Sommige bestemmingen kies je niet per toeval. Vallée du Loir is zo’n bestemming. Deze eenvoudige, authentieke streek op nauwelijks 40 km ten noorden van de beroemde Loirevallei ligt ver van de platgetreden paden en heeft heel wat te bieden. Magisch licht, adembenemende landschappen, streekgerechten, eindeloze wijnranken… We onthullen 7 geheime geheimen:
Geheimtip 1: De kastelen van de Vallée du Loir.
Het schitterende kasteel van Le Lude is een getuigenis van 4 eeuwen Franse architectuur. Dit kasteel hoeft helemaal niet onder te doen voor de beroemde kastelen meer in het zuiden. Al even stijlvol zijn het kasteel van Baugé of dat van Bazouges, beide ook in witte natuursteen opgetrokken.
Geheimtip 2: De AOC-wijnen Jasnières en Coteaux de Loir.
Proef je de zon. Als je de Loirevallei achter je laat, gaat een nieuwe wereld voor je open: in de vallée du Loir bestaan er nog kleine wijngaarden dankzij het talent van enkele wijnboeren die gehecht zijn aan hun grond. Ontdek deze wijnstreek zoals je zelf wilt: met een bezoek aan de wijnkelders met het label ‘Caves Touristiques’, een tocht langs de fietslussen doorheen de wijngaarden of een van de bekende wandel- en fietstochten ‘Vignes, Vins Randos’, elke 1ste zaterdag van september, die volledig in het teken staan van de wijn.
Geheimtip 3: De mythische restaurants en cafés van de 24 uur van Le Mans.
In La Chartre-sur-le-Loir is Hôtel de France een pas gerenoveerd landelijk hotel, dat een Britse sfeer uitademt. Heel wat beroemdheden kwamen er over de vloer, zoals de Kennedy’s, Steve Mac Queen, Franse presidenten … Vroeger weerklonk over de 40 kilometer tussen Hôtel de France en Le Mans het lawaai van de raceauto’s. Tegenwoordig is Hôtel de France volledig heruitgevonden: het is het adres in de Vallée du Loir om zich te herbronnen en culinair te laten verwennen. Een charmehotel!
Geheimtip 4: Zoo de La Flèche
Een van de mooiste dierenparken van Europa. Hier wonen 1500 dieren, waarvan sommige tot de meest zeldzame soorten op aarde behoren. De natuurlijke omgeving draagt bij tot het welzijn van de dieren en maakt van dit park een wondermooie plek. Hier wordt je droom werkelijkheid: je kunt er een ongewone nacht doorbrengen in de Safari Lodge en slapen in een originele chalet met zicht op een ijs- of grizzlybeer, of witte wolven!
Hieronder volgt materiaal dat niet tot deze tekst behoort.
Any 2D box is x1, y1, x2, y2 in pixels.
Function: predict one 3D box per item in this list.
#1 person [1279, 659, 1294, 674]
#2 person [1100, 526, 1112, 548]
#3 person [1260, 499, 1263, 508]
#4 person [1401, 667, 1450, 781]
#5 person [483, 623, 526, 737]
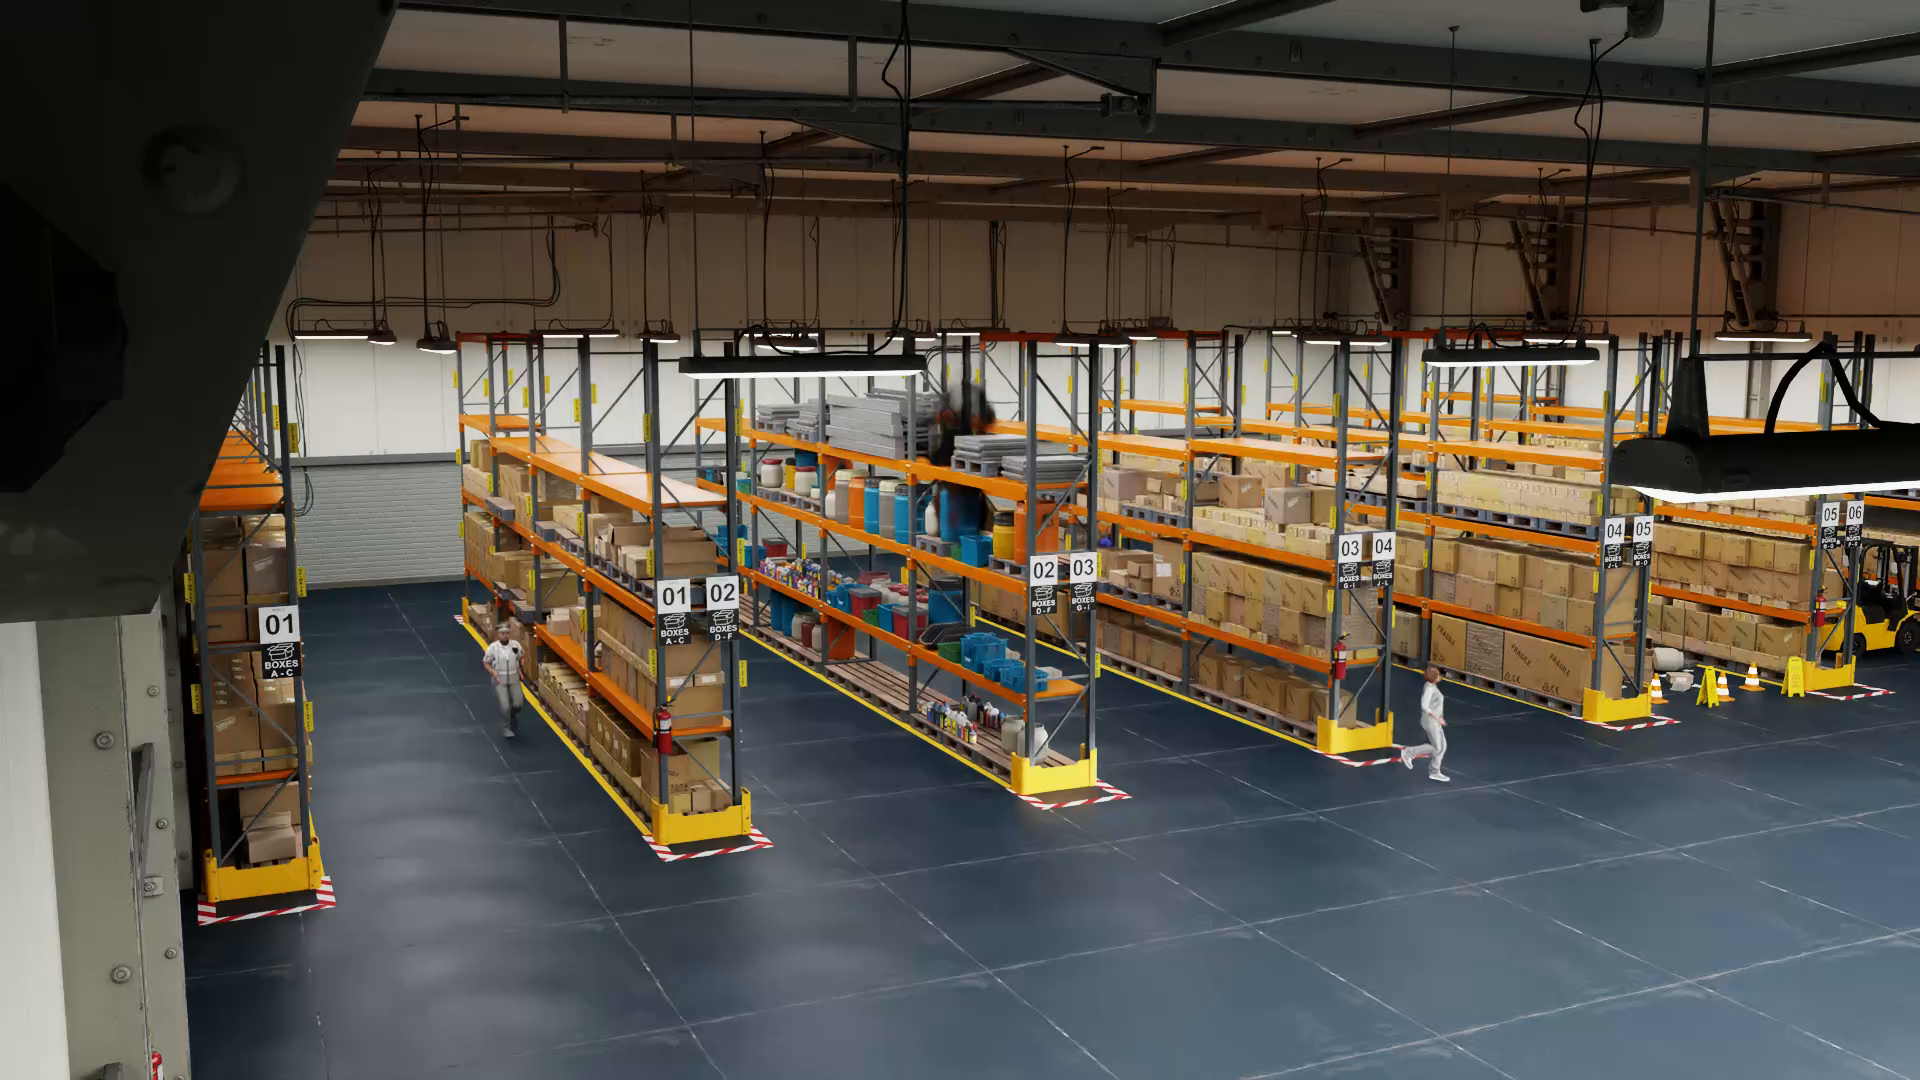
[{"bbox_3d":[5.966,1.475,29.611,0.668,1.811,0.743,-5,9,-34],"label":"person"},{"bbox_3d":[3.397,0.496,37.497,0.599,1.620,0.625,-3,8,-20],"label":"person"},{"bbox_3d":[7.867,-0.498,44.077,0.862,1.773,0.763,1,8,11],"label":"person"},{"bbox_3d":[6.403,2.507,22.799,0.659,1.568,0.554,2,8,16],"label":"person"},{"bbox_3d":[-6.824,2.103,25.026,0.640,1.736,0.596,-4,9,-26],"label":"person"}]

Geheimtip 5: Schitterende tuinen.
De tuin van Fontaine Blineau is geïnspireerd op de Engelse tuinen en onderverdeeld in verschillende ruimtes met grappige namen (‘Qui s’y frotte s’y pique’…). De gesloten tuin van de Prieuré de Vauboin is dan weer in een totaal andere stijl aangelegd aan de voet van een heuvel. Met zijn eeuwenoude buxussen, klooster en labyrint hangt er een spirituele sfeer. In de tuin van het kasteel van Poncé, geklasseerd als ‘Jardin remarquable’, komt je als bezoeker terecht in een wereld vol symmetrie, eigen aan de Franse tuinen. Wil je graag zelf zo’n stukje droomtuin, ga dan begin juni naar het weekend van de tuiniers in het kasteel van Le Lude.
Geheimtip 6: Sterrenrestaurant.
Stap eens uit je dagelijkse routine en verras je smaakpapillen in het restaurant ‘Le Moulin des Quatre saisons’, aan de oever van de Loir. Een vaste waarde, want de kookkunsten die de talentvolle Camille Constantin in dit 16de-eeuwse gebouw uit zijn mouw tovert, zijn bekroond met een eerste ster in de Michelingids. In je bord ontdek je een smaakvolle en gedurfde keuken, met zowel tijdloze klassiekers die rimpelloos de tand des tijds doorstaan als bekende gerechten die in een modern jasje zijn gestoken.
Geheimtip 7: Het bos van Bercé.
Een van de mooiste van Frankrijk, is geklasseerd als ‘Forêt d’Exception’. Het strekt zich uit over 5400 hectare. De eiken en naaldbomen groeien op een uitgestrekt plateau hoog boven de Vallée du Loir, tussen Tours en Le Mans. Dit overblijfsel van het reusachtige Gallische woud van de Carnutes staat bekend om zijn eiken van honderden jaren oud, beekjes, bronnen en mooie paden. Een ideale omgeving om te wandelen, te paardrijden of te mountainbiken.